§ **Brief**
Find the line that holds "2D boxes: x1, y1, x2, y2 in pixels.", then repeat it and each line below it word for word through the end of the listing, leaving out pictures.

§ **Task inputs**
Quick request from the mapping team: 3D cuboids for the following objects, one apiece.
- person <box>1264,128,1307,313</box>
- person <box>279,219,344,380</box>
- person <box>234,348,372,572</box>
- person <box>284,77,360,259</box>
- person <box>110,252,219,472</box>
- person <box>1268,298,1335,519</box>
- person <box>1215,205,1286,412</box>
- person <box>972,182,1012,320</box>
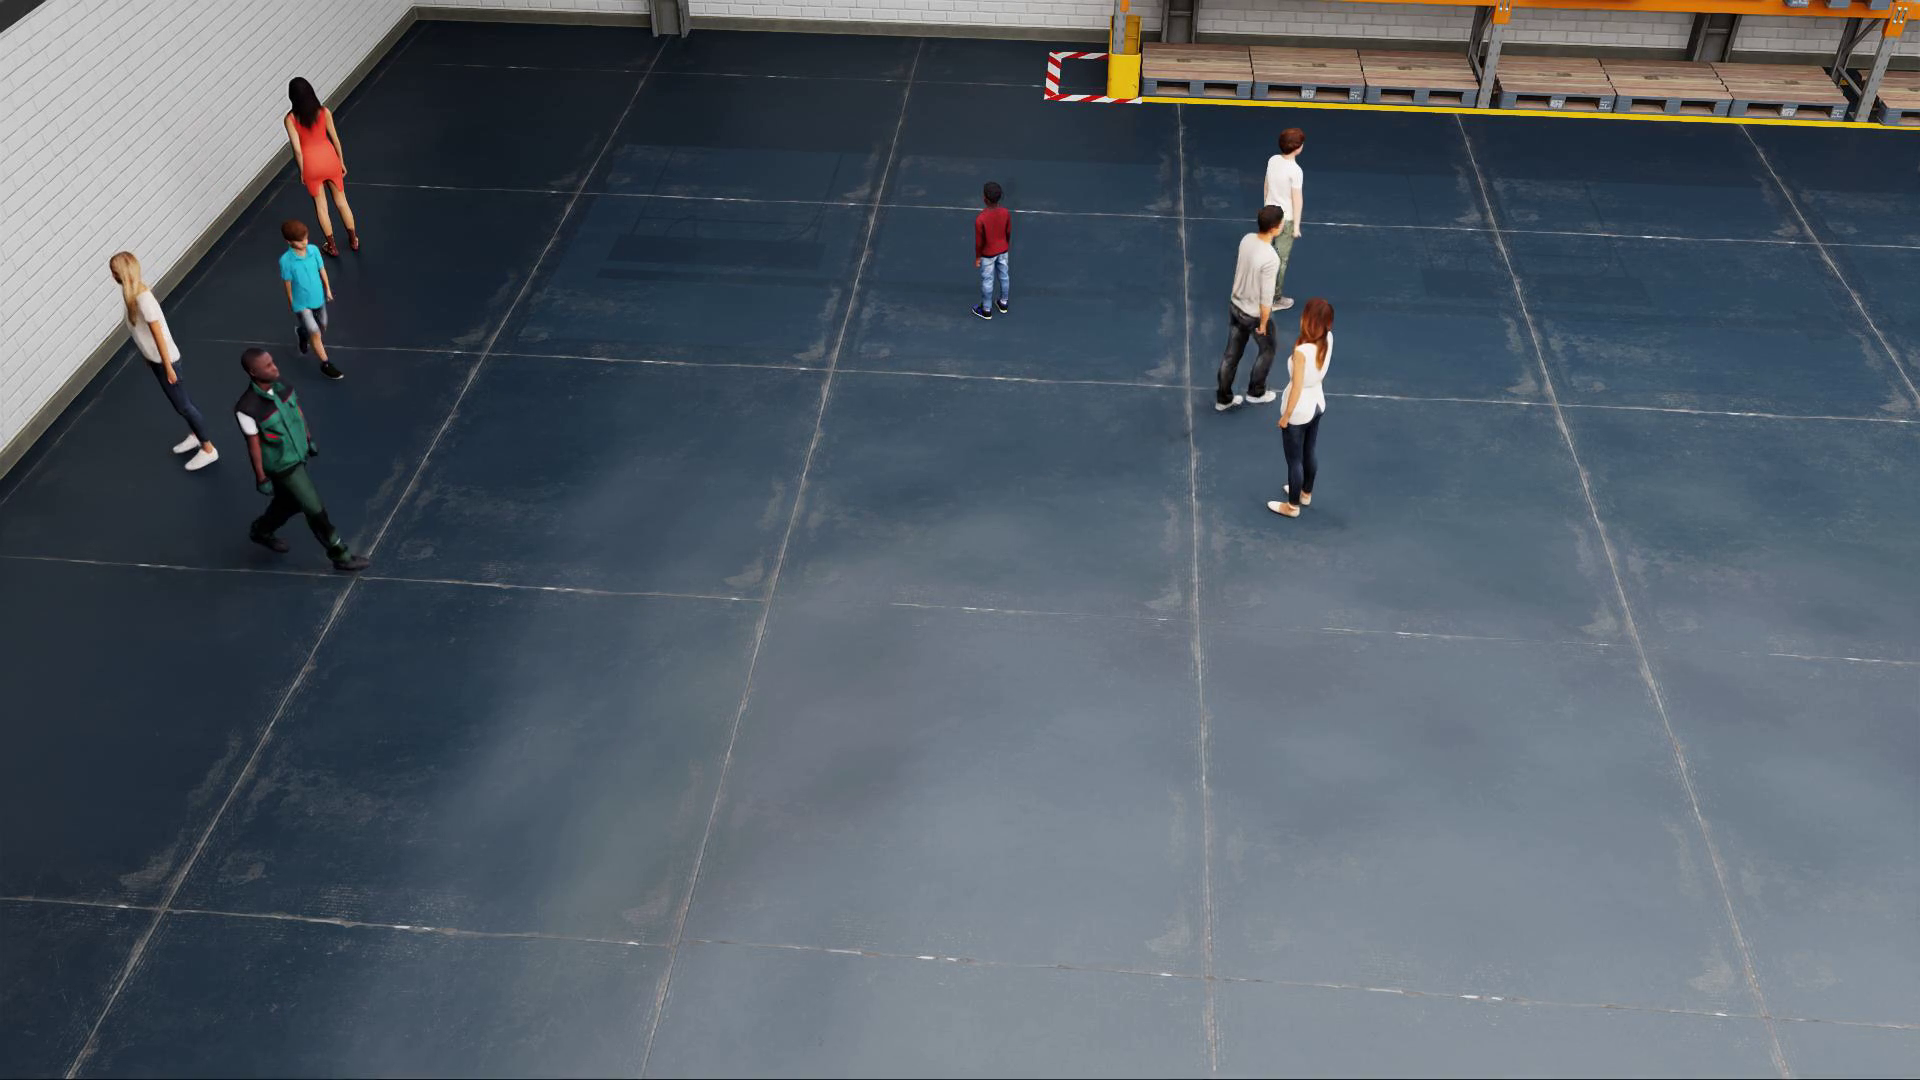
[{"bbox_3d":[2.766,-2.789,14.417,0.713,1.653,0.667,-24,44,-27],"label":"person"},{"bbox_3d":[-5.403,-2.003,13.624,0.942,1.415,0.799,26,45,28],"label":"person"},{"bbox_3d":[-4.735,-0.542,11.484,1.200,1.803,0.790,6,39,8],"label":"person"},{"bbox_3d":[-5.811,-3.391,15.118,0.655,1.719,0.731,-24,44,-27],"label":"person"},{"bbox_3d":[-5.980,-1.367,12.514,0.712,1.807,0.662,-26,45,-29],"label":"person"},{"bbox_3d":[2.493,-0.944,12.003,0.717,1.784,0.680,30,47,32],"label":"person"},{"bbox_3d":[2.209,-1.777,13.040,0.940,1.791,0.877,-22,44,-25],"label":"person"},{"bbox_3d":[0.291,-2.510,14.387,0.567,1.255,0.646,-20,43,-24],"label":"person"}]
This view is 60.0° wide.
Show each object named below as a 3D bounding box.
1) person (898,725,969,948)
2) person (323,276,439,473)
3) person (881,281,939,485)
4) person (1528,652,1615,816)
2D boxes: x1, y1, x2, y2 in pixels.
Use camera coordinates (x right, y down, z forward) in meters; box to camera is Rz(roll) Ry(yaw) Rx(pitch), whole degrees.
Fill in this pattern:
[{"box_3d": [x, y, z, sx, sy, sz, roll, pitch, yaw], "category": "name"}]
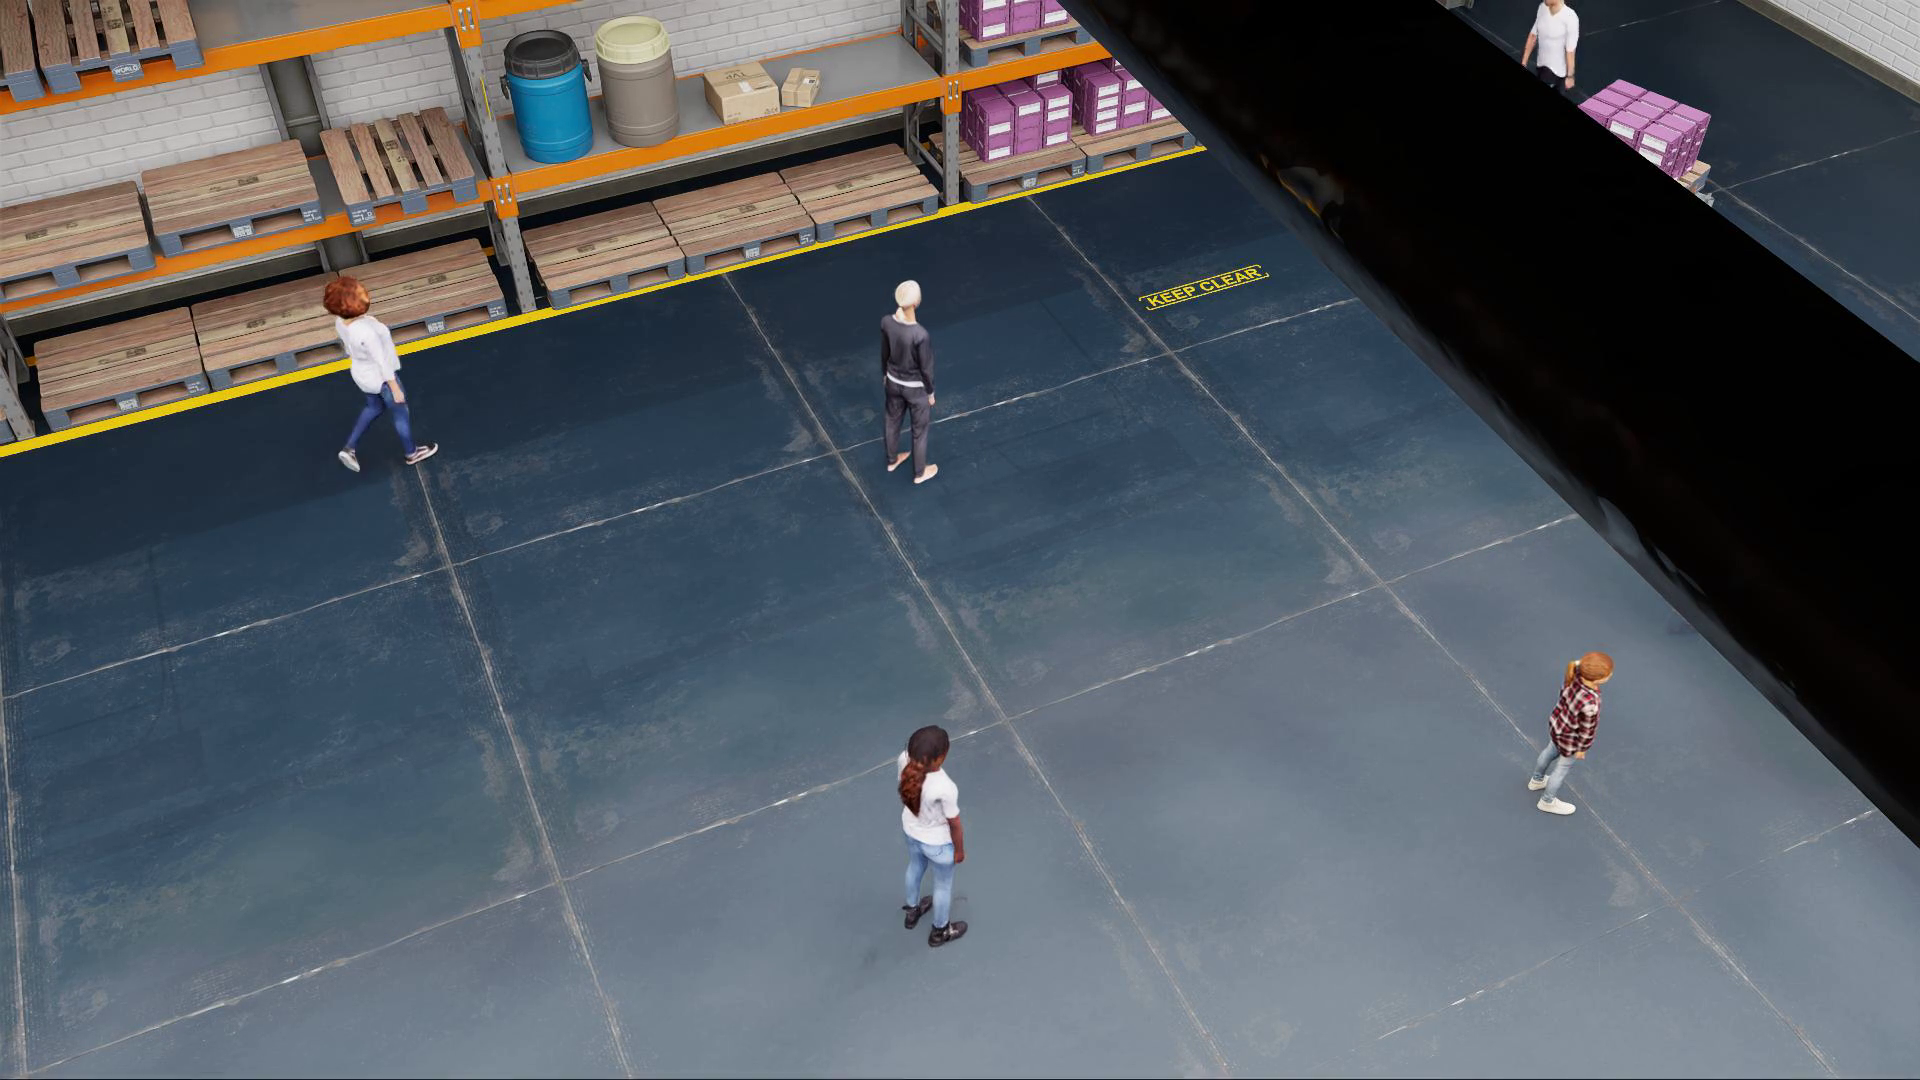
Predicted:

§ **Answer area**
2D boxes: x1, y1, x2, y2 in pixels.
Use camera coordinates (x right, y down, z forward) in meters; box to camera is Rz(roll) Ry(yaw) Rx(pitch), whole degrees.
Fill in this pattern:
[{"box_3d": [x, y, z, sx, sy, sz, roll, pitch, yaw], "category": "name"}]
Predicted:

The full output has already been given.